Prima di diventare adulti ci vuole una bella festa tv

Su La5 un «docu-reality» racconta il fenomeno dei fantasiosi video girati per il compleanno più importante. Con Gianni Muscolino come conduttore

Non tutti i diciotto anni sono uguali, ma passano una volta sola. C'è un universo, colorato e un po' eccessivo, dove festeggiare la maggiore età è un rito collocato all'esatto punto di incontro tra piacere e dovere. Insomma, si fa e basta. Ma non bastano due (anzi, diciotto) candeline in croce. No, la celebrazione impone l'allestimento di una festa da Basso Impero al cui centro deve brillare immancabile e potente come una stella supernova il filmato del pre18esimo: una storia per immagini e musica e, ebbene sì, talvolta pure recitazione, dove il festeggiato e la festeggiata raccontano le proprie passioni e come sono arrivati al famoso traguardo.

*Semisconosciuto al Nord, fenomeno di culto al Sud, il «video del pre18esimo» è il grande tema raccontato con sguardo divertente, divertito e comprensivo da Il Boss dei Pre18esimi, in onda da questa sera ogni mercoledì per sei puntate in seconda serata (ore 23.30, in replica il venerdì ore 24, sabato ore 14 e domenica ore 11)) su La5. Prodotto e ideato dalla DueB di Luna Berlusconi, il programma è un backstage al sapore di docu-reality che va al centro di un fenomeno sociale in piena espansione, grazie alla viralità del web. E proprio su Internet i video dei pre18esimi scatenano reazioni di ogni tipo: d'emulazione e di scherno. Le sei storie de Il Boss dei Pre18esimi hanno come cornice Catania, e sfoggiano come conduttore e opinionista «filosofo» un professionista del settore di nome Gianni Muscolino, videomaker dall'aria navigata: «Nella mia città spiega Muscolino il fenomeno dei video dei pre18esimi è una vera febbre, e le richieste strane non mancano».
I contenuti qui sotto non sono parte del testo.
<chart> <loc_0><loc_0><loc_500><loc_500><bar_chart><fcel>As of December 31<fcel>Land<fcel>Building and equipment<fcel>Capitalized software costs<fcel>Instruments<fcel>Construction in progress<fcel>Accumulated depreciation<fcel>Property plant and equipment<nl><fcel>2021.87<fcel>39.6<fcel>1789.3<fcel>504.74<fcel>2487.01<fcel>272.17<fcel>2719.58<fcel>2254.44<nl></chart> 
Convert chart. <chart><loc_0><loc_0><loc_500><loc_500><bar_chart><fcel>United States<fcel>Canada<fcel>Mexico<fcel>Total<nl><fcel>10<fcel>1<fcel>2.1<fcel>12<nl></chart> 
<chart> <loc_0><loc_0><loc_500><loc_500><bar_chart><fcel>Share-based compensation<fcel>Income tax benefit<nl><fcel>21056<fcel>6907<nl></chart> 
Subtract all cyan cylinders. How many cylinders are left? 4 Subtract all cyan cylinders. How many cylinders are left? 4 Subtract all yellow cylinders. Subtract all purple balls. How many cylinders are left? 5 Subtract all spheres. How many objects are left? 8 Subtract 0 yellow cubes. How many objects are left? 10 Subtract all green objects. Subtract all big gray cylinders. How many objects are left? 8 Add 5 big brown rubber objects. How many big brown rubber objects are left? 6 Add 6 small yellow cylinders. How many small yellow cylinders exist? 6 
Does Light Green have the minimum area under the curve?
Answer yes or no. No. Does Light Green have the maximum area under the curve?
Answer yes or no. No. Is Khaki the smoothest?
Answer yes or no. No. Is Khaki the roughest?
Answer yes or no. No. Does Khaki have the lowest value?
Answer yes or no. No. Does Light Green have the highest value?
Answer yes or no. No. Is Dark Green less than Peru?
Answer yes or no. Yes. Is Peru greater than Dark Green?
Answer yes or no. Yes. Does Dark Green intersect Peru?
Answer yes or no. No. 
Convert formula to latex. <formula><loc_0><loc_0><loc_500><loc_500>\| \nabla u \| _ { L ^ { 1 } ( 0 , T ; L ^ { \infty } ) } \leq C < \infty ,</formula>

Sì perché proprio ortodosse non si possono definire le sceneggiature di alcuni video in cui - si vedrà - cinque ragazze e un ragazzo catanesi, si reinventano Beyoncé o Lady Gaga in sedicesimo, a bordo di yacht dove scorre champagne a fiumi e modelle in bikini si muovono felinamente. C'è poi chi si veste da eroina del West, da Calamity Jane, chi si fa legare alle rotaie inscenando (grazie al montaggio) un minaccioso treno in arrivo e chi, aspirante pilota, si lancia nel vuoto col parapendio. I fuochi d'artificio o l'affitto del Vip, come Raimondo Todaro di Ballando con le stelle, sono nell'ordine delle cose. La produttrice Luna Berlusconi spiega: «La domanda che si pone il programma è: perché questi ragazzi vogliono esibirsi? Siamo entrati nelle case di queste famiglie catanesi, e abbiamo scoperto che si tratta di persone con valori saldi, nessuno dei loro figli vuole fare la modella o l'attrice, semplicemente per un giorno vogliono sentirsi protagonisti». L'ideatore del programma è Gianni Tramontano: «Tempo fa spiega mi sono imbattuto in questi video su YouTube, abbiamo pensato di farne un argomento da talk in Domenica Live, in quella occasione ho incontrato Gianni Muscolino. Questi ragazzi finiscono per avere migliaia, talvolta milioni di visualizzazioni sul web. Ogni puntata si racconta così: si va a casa a conoscere le famiglie, si segue il lavoro dei fotografi, infine si documenta la festa». Trionfo della vanità, del kitsch e dal vacuo? «Come detto prosegue Tramontano le storie di questi ragazzi sono la risposta: ad esempio Marco, l'unico maschio di questa edizione, è certo un po' vanesio, ma ha la testa sulle spalle, si occupa di volontariato nel suo non facile quartiere di Catania». Da Il Boss dei Pre18esimi la DueB di Luna Berlusconi sta per realizzare uno «spin off», ambientato a Napoli e incentrato sui pre-matrimoni.